What you have to do:
Your job is to return each record exactly, minus any pictures.

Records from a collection

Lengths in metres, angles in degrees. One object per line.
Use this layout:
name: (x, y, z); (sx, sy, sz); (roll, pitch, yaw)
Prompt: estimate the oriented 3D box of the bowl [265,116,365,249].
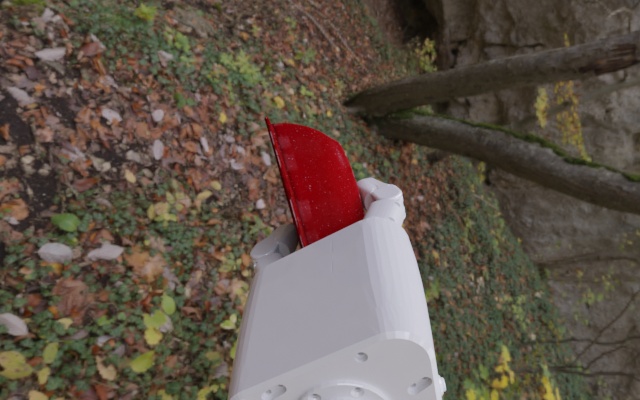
bowl: (0.000, 0.000, 0.406); (0.055, 0.162, 0.162); (-16, 1, -4)
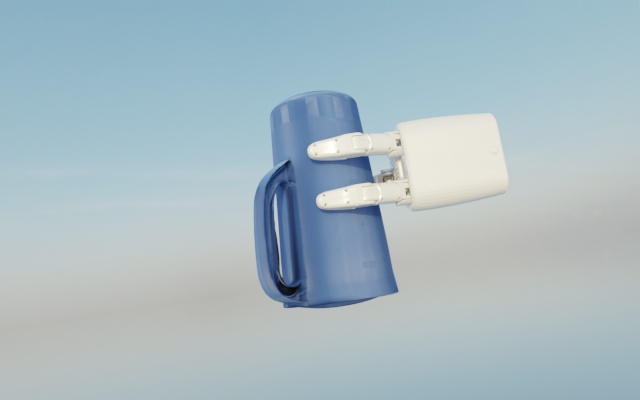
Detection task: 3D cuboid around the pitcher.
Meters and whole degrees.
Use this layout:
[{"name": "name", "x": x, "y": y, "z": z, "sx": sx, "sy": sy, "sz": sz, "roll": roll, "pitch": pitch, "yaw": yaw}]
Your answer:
[{"name": "pitcher", "x": 0.000, "y": 0.002, "z": 0.556, "sx": 0.145, "sy": 0.242, "sz": 0.149, "roll": -9, "pitch": -9, "yaw": 2}]
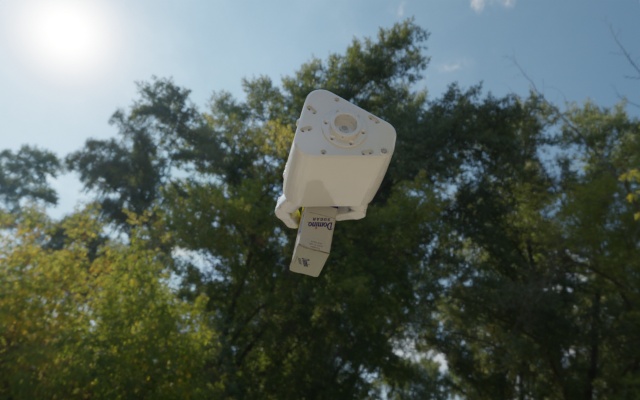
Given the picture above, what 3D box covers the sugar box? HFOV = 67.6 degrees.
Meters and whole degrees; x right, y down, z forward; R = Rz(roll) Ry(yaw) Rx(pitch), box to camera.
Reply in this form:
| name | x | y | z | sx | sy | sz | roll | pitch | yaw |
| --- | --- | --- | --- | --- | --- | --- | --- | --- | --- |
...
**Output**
| name | x | y | z | sx | sy | sz | roll | pitch | yaw |
| --- | --- | --- | --- | --- | --- | --- | --- | --- | --- |
| sugar box | 0.000 | 0.002 | 0.632 | 0.048 | 0.176 | 0.093 | 16 | -29 | -2 |

Response to this exercise:
Lengths in metres, angles in degrees. One object per line.
Use this layout:
name: (x, y, z); (sx, sy, sz); (roll, pitch, yaw)
Prompt: estimate the oriented 3D box of the bowl [265,116,365,249].
bowl: (0.000, 0.000, 0.406); (0.055, 0.162, 0.162); (-16, 1, -4)
Detection task: 3D cuboid around the pitcher.
Meters and whole degrees.
Use this layout:
[{"name": "name", "x": x, "y": y, "z": z, "sx": sx, "sy": sy, "sz": sz, "roll": roll, "pitch": pitch, "yaw": yaw}]
Your answer:
[{"name": "pitcher", "x": 0.000, "y": 0.002, "z": 0.556, "sx": 0.145, "sy": 0.242, "sz": 0.149, "roll": -9, "pitch": -9, "yaw": 2}]
Given the picture above, what 3D box covers the sugar box? HFOV = 67.6 degrees.
Meters and whole degrees; x right, y down, z forward; R = Rz(roll) Ry(yaw) Rx(pitch), box to camera.
Reply in this form:
| name | x | y | z | sx | sy | sz | roll | pitch | yaw |
| --- | --- | --- | --- | --- | --- | --- | --- | --- | --- |
...
**Output**
| name | x | y | z | sx | sy | sz | roll | pitch | yaw |
| --- | --- | --- | --- | --- | --- | --- | --- | --- | --- |
| sugar box | 0.000 | 0.002 | 0.632 | 0.048 | 0.176 | 0.093 | 16 | -29 | -2 |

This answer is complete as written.